I declare this scriptable and doable, just not by me, since I can't programme me way out of a wet paper bag. (Well, I prolly can at gunpoint, but yeah, that's what it would take.)
> So I have this idea I'd like to do for a hobby project, but it requires
> finding a table that lists a classic novel,
First I'm afraid you'll have to define how you're choosing to categorise Classics. As someone charged with that task, it sucks and it's not as straightforward as one might think. I'd encourage you to either lewt and pillage someone else's preextant classification or pick summat easier for a computer, like publication date or inclusion on one of those stuffy arse bibliographies of the 100 Greatest Books. (Please do mull over how white bespoke lists tend to be.)
> a Gutenberg.org link to an> instance of that work (first listed, one with most downloads, whichever),
> the lead female character, and the lead male character (can be null). E.g.
> Pride and Prejudice, http://www.gutenberg.org/ebooks/42671, Elizabeth
> Bennet, Mr. Darcy. Even leaving the Gutenberg part for another day, this
> has been really difficult to find.
Might I suggest having your scraper haphazardly search through 650 a fields for the phrase "Fictitious Character"?
> I've had no success with Dbpedia/Wikidata since there's no real
> standardized format for novels, characters often are associated more
> strongly with films or video games than original works (Cheshire Cat), and
> when characters are listed they are neither prioritized nor link to a
> record that clearly states gender.
Thanks to the antiquated subject stuff that happens at dear olde LOC, also picking through the data for "Women" should get you some gender data.
You might scoff, but I do like the lists of lists at Wikipedia in terms of this hypothetical. For instance:
could be quite helpful. One could have one's bot check on that page for edits.
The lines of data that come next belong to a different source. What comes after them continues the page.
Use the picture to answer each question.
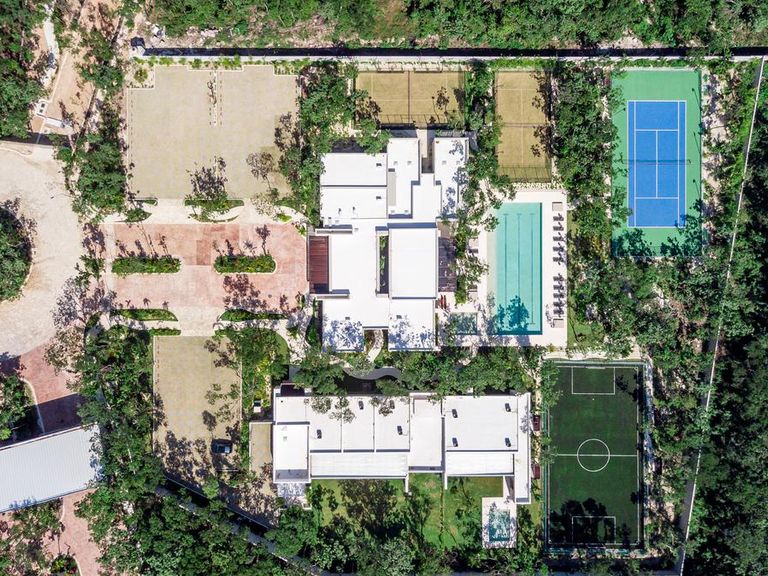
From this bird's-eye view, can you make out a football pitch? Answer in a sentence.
Yes, there's a football pitch down there.
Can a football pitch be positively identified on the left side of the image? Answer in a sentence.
No, no football pitch is visible on the left side of the image.
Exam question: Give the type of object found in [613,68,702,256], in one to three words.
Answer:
tennis court
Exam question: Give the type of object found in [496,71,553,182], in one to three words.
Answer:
sports court
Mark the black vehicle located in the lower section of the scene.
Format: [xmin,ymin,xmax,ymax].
[209,444,232,456]
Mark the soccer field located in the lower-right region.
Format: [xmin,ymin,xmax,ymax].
[545,360,642,547]
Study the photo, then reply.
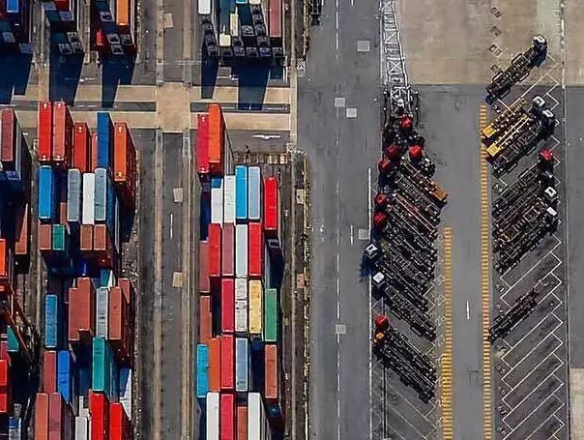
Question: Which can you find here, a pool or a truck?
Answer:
truck
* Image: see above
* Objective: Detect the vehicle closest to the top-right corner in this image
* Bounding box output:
[493,35,548,95]

Surely this is easier to sort than reinventing the wheel and being one person against a sea of publishers.
Were I you, I'd also be keen to hook in Open Library since closed datakeepers have a nasty tendency of waking up and deciding to charge or lock things away.
> And then there's how to select some sort> of "Western Canon" list. ISBNs are nowhere to be found, nor any other
> identifier that might help to corral a fair chunk of results.
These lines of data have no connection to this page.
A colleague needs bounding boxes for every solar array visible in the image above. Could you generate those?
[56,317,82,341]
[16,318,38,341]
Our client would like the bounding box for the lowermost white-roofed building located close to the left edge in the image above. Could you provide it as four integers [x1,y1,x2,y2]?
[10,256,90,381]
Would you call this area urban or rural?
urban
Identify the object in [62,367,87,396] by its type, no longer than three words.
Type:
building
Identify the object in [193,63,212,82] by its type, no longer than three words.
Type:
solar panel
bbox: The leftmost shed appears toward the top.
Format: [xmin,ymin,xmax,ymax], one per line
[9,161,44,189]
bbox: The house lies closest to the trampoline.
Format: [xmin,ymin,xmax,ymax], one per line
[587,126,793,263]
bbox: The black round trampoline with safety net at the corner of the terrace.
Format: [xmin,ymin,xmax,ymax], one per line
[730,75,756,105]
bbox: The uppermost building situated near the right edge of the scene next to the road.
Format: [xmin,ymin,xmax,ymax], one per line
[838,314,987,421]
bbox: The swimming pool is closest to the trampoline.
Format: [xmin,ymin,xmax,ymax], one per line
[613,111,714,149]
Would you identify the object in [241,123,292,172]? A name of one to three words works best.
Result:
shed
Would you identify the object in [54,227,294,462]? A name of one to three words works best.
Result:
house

> I looked at OCLC, but WorldCat Works is still an experiment and frankly
> looks like too much work to query for too little return even if it had good
> coverage. Amazon? Librarything? Goodreads? No luck yet.
Did you try Novelist if you must try the proprietary DB route? I really think what you needs do is pick a good cataloguer's brain for a bit and come up with a brute force script that will harvest stuff for you and autoupdate on RSS or summat else since effort begins with eh. Your data set isn't infinite, it's just not small. I wouldn't even properly call it large given how unrich and less problematic text Library data is in comparison to say audio or video files.